## Exercise details
Search the data below for the word "roll" and copy each line that holds it.

## Task material

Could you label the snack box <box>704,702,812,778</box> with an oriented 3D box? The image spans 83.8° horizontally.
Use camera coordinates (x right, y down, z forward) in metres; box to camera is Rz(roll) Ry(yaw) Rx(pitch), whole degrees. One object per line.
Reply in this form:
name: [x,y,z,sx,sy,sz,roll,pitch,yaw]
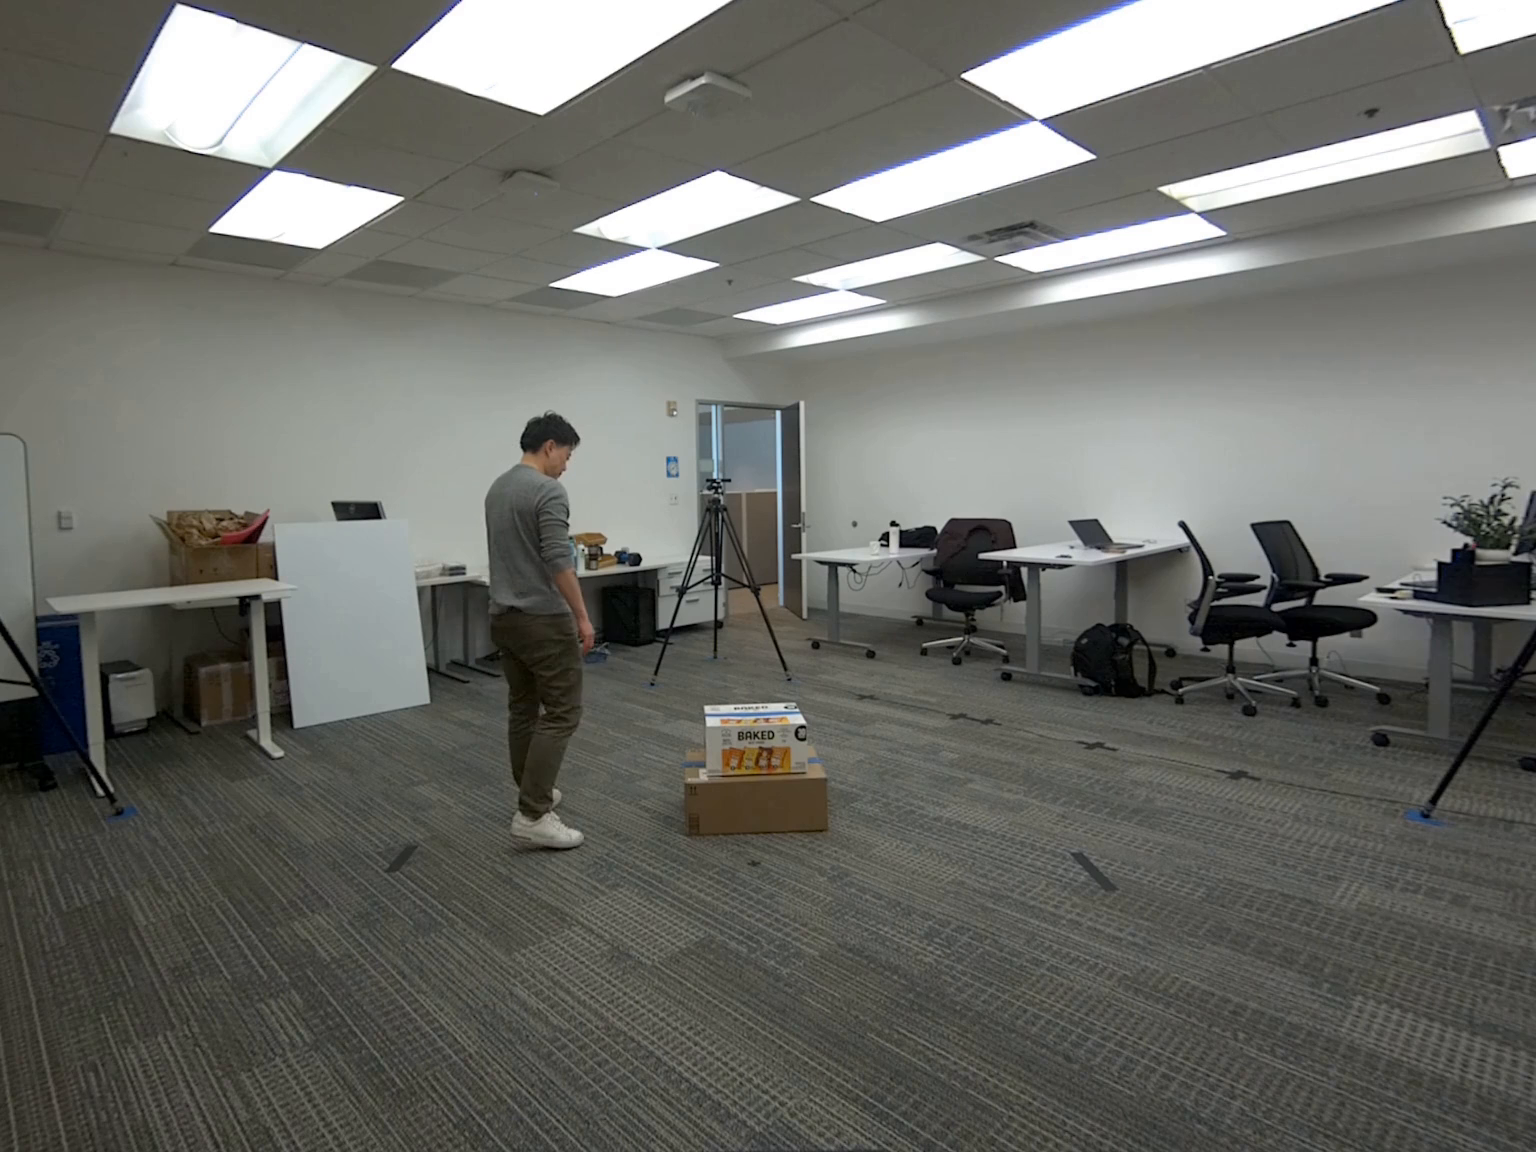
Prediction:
snack box: [-0.063,0.671,3.560,0.403,0.205,0.343,-1,5,-5]

## Response to this task
Use camera coordinates (x right, y down, z forward) in metres; box to camera is Rz(roll) Ry(yaw) Rx(pitch), whole degrees. One object per line.
name: [x,y,z,sx,sy,sz,roll,pitch,yaw]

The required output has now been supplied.